El puzle empezará a encajar esta semana y el final dependerá del grado de implicación de Carles Puigdemont. Toda la organización, comenzando por Artur Mas, está a la espera que enseñe sus cartas cara al período congresual ya que, al final, tiene que ser él quien defina el perímetro de la renovación. Mucho más en un momento en que el expresident de la Generalitat ha trasladado en las últimas fechas que cuenta con el coraje y la energía para hacer un instrumento político nuevo, abierto y transversal. Tres aspectos que son del agrado de Puigdemont y que ahora solo falta pasar de la teoría a los hechos.

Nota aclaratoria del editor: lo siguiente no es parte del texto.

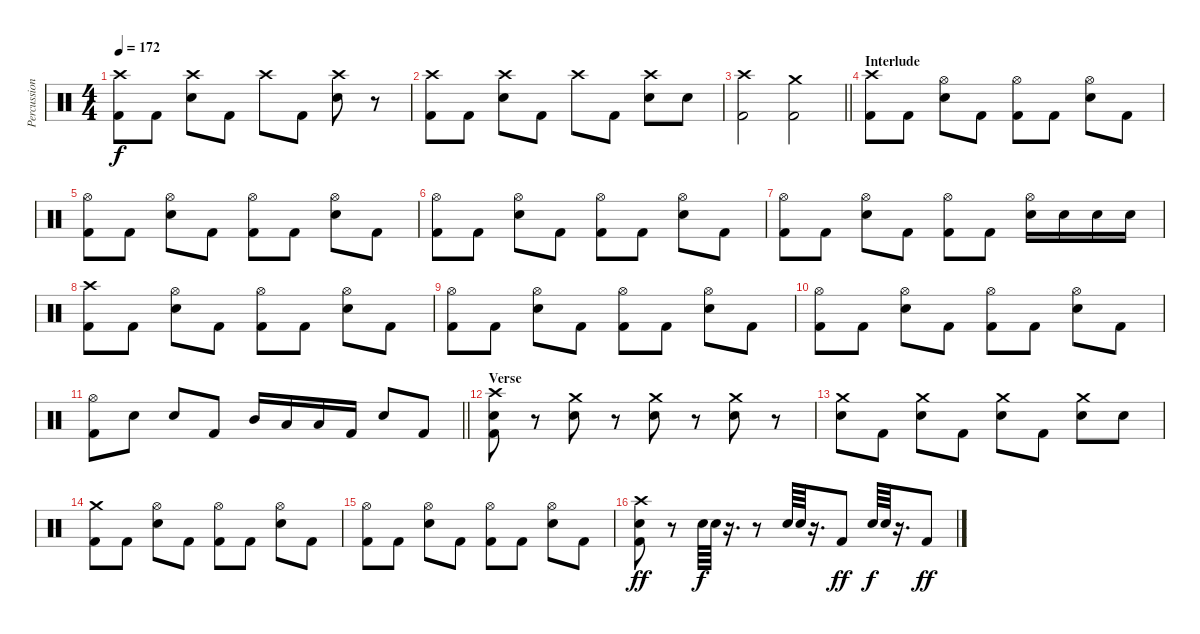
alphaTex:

\track ("Percussion" "Percussion") {instrument percussion}
\staff {score}
\articulation defaults
\ts (4 4)
\tempo 172
\clef neutral
\ks c
("Crash high (hit)" "Kick (hit) 2").8{dy f} "Kick (hit) 2".8 ("Crash high (hit)" "Snare (hit) 2").8 "Kick (hit) 2".8 "Crash high (hit)".8 "Kick (hit) 2".8 ("Crash high (hit)" "Snare (hit) 2").8 r.8 |
("Crash high (hit)" "Kick (hit) 2").8 "Kick (hit) 2".8 ("Crash high (hit)" "Snare (hit) 2").8 "Kick (hit) 2".8 "Crash high (hit)".8 "Kick (hit) 2".8 ("Crash high (hit)" "Snare (hit) 2").8 "Snare (hit) 2".8 |
\barLineRight lightlight
("Crash high (hit)" "Kick (hit) 2").2 ("Crash medium (hit)" "Kick (hit) 2").2 |
\section ("" "Interlude")
("Crash high (hit)" "Kick (hit) 2").8 "Kick (hit) 2".8 ("Hi-Hat (open)" "Snare (hit) 2").8 "Kick (hit) 2".8 ("Hi-Hat (open)" "Kick (hit) 2").8 "Kick (hit) 2".8 ("Hi-Hat (open)" "Snare (hit) 2").8 "Kick (hit) 2".8 |
("Hi-Hat (open)" "Kick (hit) 2").8 "Kick (hit) 2".8 ("Hi-Hat (open)" "Snare (hit) 2").8 "Kick (hit) 2".8 ("Hi-Hat (open)" "Kick (hit) 2").8 "Kick (hit) 2".8 ("Hi-Hat (open)" "Snare (hit) 2").8 "Kick (hit) 2".8 |
("Hi-Hat (open)" "Kick (hit) 2").8 "Kick (hit) 2".8 ("Hi-Hat (open)" "Snare (hit) 2").8 "Kick (hit) 2".8 ("Hi-Hat (open)" "Kick (hit) 2").8 "Kick (hit) 2".8 ("Hi-Hat (open)" "Snare (hit) 2").8 "Kick (hit) 2".8 |
("Hi-Hat (open)" "Kick (hit) 2").8 "Kick (hit) 2".8 ("Hi-Hat (open)" "Snare (hit) 2").8 "Kick (hit) 2".8 ("Hi-Hat (open)" "Kick (hit) 2").8 "Kick (hit) 2".8 ("Hi-Hat (open)" "Snare (hit) 2").16 "Snare (hit) 2".16 "Snare (hit) 2".16 "Snare (hit) 2".16 |
("Crash high (hit)" "Kick (hit) 2").8 "Kick (hit) 2".8 ("Hi-Hat (open)" "Snare (hit) 2").8 "Kick (hit) 2".8 ("Hi-Hat (open)" "Kick (hit) 2").8 "Kick (hit) 2".8 ("Hi-Hat (open)" "Snare (hit) 2").8 "Kick (hit) 2".8 |
("Hi-Hat (open)" "Kick (hit) 2").8 "Kick (hit) 2".8 ("Hi-Hat (open)" "Snare (hit) 2").8 "Kick (hit) 2".8 ("Hi-Hat (open)" "Kick (hit) 2").8 "Kick (hit) 2".8 ("Hi-Hat (open)" "Snare (hit) 2").8 "Kick (hit) 2".8 |
("Hi-Hat (open)" "Kick (hit) 2").8 "Kick (hit) 2".8 ("Hi-Hat (open)" "Snare (hit) 2").8 "Kick (hit) 2".8 ("Hi-Hat (open)" "Kick (hit) 2").8 "Kick (hit) 2".8 ("Hi-Hat (open)" "Snare (hit) 2").8 "Kick (hit) 2".8 |
\barLineRight lightlight
("Hi-Hat (open)" "Kick (hit) 2").8 "Snare (hit) 2".8 "Snare (hit) 2".8 "Kick (hit) 2".8 "Mid Tom (hit)".16 "Low Tom (hit)".16 "Low Floor Tom (hit)".16 "Kick (hit) 2".16 "Snare (hit) 2".8 "Kick (hit) 2".8 |
\section ("" "Verse")
("Crash high (hit)" "Snare (hit) 2" "Kick (hit) 2").8 r.8 ("Crash medium (hit)" "Snare (hit) 2").8 r.8 ("Crash medium (hit)" "Snare (hit) 2").8 r.8 ("Crash medium (hit)" "Snare (hit) 2").8 r.8 |
("Crash medium (hit)" "Snare (hit) 2").8 "Kick (hit) 2".8 ("Crash medium (hit)" "Snare (hit) 2").8 "Kick (hit) 2".8 ("Crash medium (hit)" "Snare (hit) 2").8 "Kick (hit) 2".8 ("Crash medium (hit)" "Snare (hit) 2").8 "Snare (hit) 2".8 |
("Crash medium (hit)" "Kick (hit) 2").8 "Kick (hit) 2".8 ("Hi-Hat (open)" "Snare (hit) 2").8 "Kick (hit) 2".8 ("Hi-Hat (open)" "Kick (hit) 2").8 "Kick (hit) 2".8 ("Hi-Hat (open)" "Snare (hit) 2").8 "Kick (hit) 2".8 |
("Hi-Hat (open)" "Kick (hit) 2").8 "Kick (hit) 2".8 ("Hi-Hat (open)" "Snare (hit) 2").8 "Kick (hit) 2".8 ("Hi-Hat (open)" "Kick (hit) 2").8 "Kick (hit) 2".8 ("Hi-Hat (open)" "Snare (hit) 2").8 "Kick (hit) 2".8 |
("Crash high (hit)" "Snare (hit) 2" "Kick (hit) 2").8{dy ff} r.8 "Snare (hit) 2".64{dy f} "Snare (hit) 2".64 r.16{d} r.8 "Snare (hit) 2".64 "Snare (hit) 2".64 r.16{d} "Kick (hit) 2".8{dy ff} "Snare (hit) 2".64{dy f} "Snare (hit) 2".64 r.16{d} "Kick (hit) 2".8{dy ff}

Y es que, al final, los modelos se reducen a dos. Un partido cerrado que evolucione en una línea similar a como lo ha hecho el PSC, donde el viejo aparato de la calle Nicaragua ha acabado imponiendo su ley frente a renovaciones traumáticas como habría podido suponer liderazgos que están por probar, como la alcaldesa de Santa Coloma de Gramenet, Núria Parlon. O bien, el modelo de Esquerra Republicana, una formación que bajo el liderazgo de Oriol Junqueras ha abierto sus puertas a independientes y les ha cedido las mejores posiciones en los carteles electorales.

Este es el verdadero debate en la vieja CDC y el que debe alumbrar el nuevo partido este fin de semana. Mucho me temo que si no se hace así y se imponen otras inercias, también estructurales y propias de un partido anquilosado, no surgirá nada más que más de lo mismo y una larga travesía del desierto.